**Aim of the task**:
Check each line of the entries for "parentWindow" and report the ones that have it.

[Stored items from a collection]
= = = =

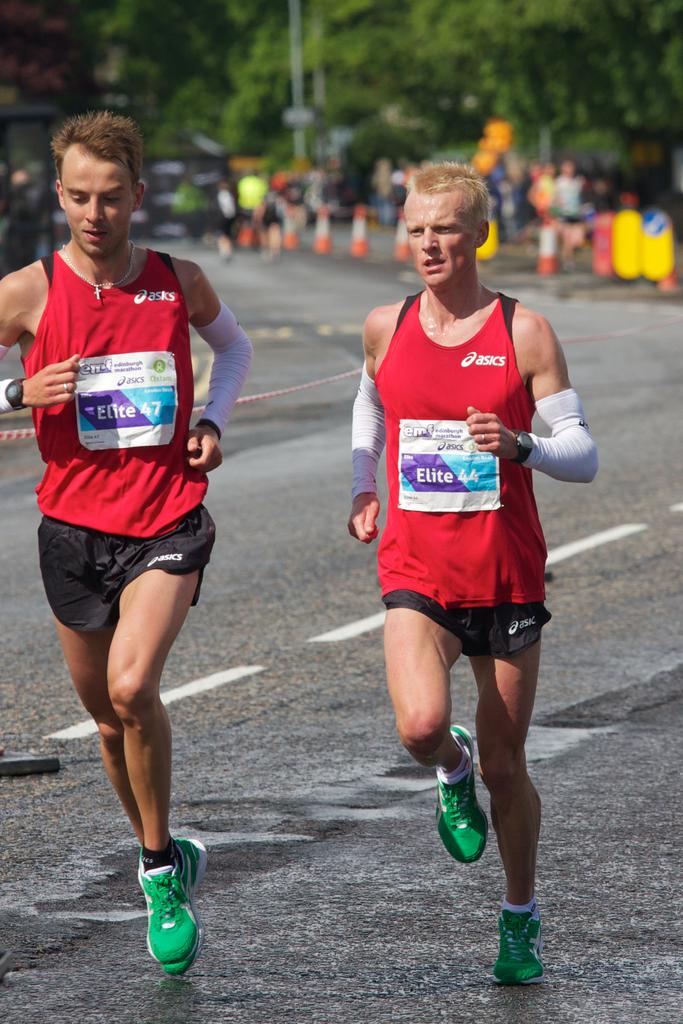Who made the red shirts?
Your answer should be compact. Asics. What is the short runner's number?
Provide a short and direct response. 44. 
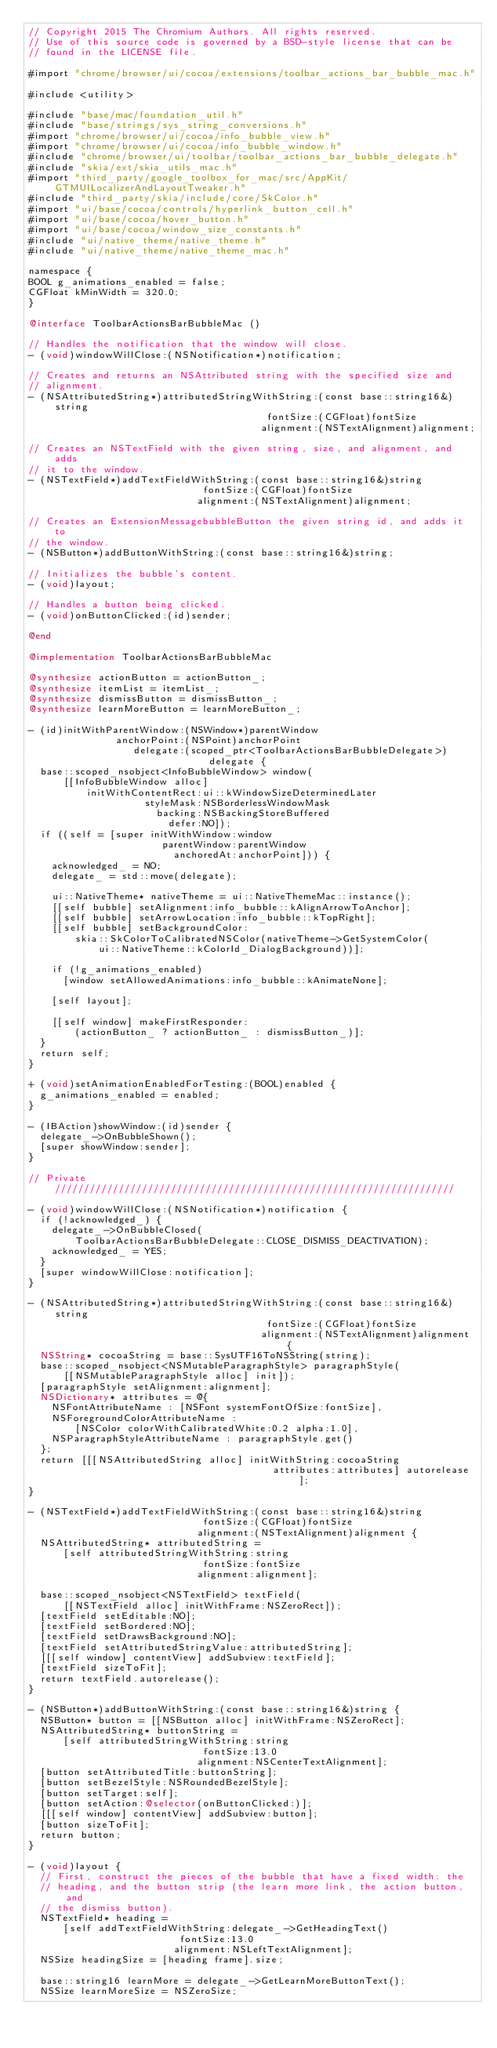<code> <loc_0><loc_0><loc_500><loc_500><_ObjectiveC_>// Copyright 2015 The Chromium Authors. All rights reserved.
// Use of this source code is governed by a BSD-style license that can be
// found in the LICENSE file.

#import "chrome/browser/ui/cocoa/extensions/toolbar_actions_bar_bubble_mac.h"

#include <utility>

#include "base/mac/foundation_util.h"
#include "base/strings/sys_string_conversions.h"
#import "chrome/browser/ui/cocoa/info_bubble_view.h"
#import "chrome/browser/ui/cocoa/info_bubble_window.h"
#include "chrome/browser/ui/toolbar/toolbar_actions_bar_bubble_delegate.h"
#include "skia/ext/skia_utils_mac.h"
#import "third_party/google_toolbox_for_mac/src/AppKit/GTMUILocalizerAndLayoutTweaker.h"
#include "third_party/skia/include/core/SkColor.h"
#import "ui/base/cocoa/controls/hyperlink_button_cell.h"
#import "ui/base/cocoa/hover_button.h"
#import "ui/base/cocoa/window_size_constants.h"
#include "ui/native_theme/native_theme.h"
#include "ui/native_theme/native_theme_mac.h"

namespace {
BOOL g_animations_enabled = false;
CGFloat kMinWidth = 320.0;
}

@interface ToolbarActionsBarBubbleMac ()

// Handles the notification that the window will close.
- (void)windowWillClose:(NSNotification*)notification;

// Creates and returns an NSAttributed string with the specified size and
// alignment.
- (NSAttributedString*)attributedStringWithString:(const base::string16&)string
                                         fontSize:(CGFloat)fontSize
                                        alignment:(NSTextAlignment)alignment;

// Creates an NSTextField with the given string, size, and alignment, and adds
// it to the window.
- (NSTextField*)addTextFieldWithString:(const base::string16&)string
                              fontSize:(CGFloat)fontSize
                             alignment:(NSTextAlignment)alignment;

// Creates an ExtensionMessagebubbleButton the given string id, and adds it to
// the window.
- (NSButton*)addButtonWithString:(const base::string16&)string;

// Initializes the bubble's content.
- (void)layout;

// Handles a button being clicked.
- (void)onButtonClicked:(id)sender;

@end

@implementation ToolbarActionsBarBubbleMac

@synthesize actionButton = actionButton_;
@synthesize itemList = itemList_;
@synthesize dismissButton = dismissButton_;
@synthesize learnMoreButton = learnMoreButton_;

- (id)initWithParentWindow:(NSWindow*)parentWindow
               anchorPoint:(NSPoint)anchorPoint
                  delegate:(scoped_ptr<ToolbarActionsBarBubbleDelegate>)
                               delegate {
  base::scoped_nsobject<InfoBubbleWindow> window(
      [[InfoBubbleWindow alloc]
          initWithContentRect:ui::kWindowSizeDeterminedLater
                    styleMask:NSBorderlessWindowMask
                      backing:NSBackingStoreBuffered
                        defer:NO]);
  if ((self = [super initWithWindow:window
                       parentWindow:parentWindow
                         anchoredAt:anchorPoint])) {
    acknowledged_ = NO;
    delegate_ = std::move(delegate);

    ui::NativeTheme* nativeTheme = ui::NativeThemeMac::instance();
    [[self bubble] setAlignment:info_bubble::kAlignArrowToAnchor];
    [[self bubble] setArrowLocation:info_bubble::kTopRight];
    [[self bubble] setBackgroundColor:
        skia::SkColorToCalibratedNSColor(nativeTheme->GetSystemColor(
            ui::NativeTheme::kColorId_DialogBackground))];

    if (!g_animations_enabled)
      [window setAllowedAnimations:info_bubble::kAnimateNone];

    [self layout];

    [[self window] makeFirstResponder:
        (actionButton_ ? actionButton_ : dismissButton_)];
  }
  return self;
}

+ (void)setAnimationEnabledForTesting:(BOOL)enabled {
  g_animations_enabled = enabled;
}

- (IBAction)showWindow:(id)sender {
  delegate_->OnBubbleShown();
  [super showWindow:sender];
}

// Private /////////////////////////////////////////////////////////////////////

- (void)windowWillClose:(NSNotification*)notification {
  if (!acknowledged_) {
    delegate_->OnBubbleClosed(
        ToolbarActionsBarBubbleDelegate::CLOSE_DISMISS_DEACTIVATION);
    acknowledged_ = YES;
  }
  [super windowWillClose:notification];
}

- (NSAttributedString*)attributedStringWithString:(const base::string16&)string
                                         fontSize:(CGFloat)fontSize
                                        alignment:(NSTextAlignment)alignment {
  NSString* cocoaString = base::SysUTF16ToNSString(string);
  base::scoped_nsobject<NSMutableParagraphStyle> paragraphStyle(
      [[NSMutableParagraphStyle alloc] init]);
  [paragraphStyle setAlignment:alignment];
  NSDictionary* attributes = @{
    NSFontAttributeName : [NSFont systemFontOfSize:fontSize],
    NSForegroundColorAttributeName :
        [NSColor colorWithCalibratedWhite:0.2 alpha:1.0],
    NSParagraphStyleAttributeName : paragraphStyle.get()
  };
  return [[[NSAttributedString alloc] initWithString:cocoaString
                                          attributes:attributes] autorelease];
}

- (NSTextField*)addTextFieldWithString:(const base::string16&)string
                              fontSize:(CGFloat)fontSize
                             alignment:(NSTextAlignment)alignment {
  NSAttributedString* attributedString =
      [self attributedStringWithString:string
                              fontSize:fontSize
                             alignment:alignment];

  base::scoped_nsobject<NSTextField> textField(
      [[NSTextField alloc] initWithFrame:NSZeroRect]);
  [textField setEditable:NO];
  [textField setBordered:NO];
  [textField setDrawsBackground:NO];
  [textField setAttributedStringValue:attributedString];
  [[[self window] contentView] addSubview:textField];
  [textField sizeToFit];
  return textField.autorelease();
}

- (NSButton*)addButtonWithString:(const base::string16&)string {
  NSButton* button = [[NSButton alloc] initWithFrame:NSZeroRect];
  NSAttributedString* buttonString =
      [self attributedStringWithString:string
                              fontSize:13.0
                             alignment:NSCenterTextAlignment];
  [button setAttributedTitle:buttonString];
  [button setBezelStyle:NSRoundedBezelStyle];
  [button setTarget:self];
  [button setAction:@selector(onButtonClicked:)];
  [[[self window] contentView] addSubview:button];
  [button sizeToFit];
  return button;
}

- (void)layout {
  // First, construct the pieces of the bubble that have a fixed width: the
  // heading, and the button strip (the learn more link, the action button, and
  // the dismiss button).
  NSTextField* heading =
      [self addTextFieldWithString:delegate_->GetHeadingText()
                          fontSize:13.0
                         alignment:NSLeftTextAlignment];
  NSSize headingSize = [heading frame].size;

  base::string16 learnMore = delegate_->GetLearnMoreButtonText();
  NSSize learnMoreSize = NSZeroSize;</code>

= = = =

**Task output**:
- (id)initWithParentWindow:(NSWindow*)parentWindow
                       parentWindow:parentWindow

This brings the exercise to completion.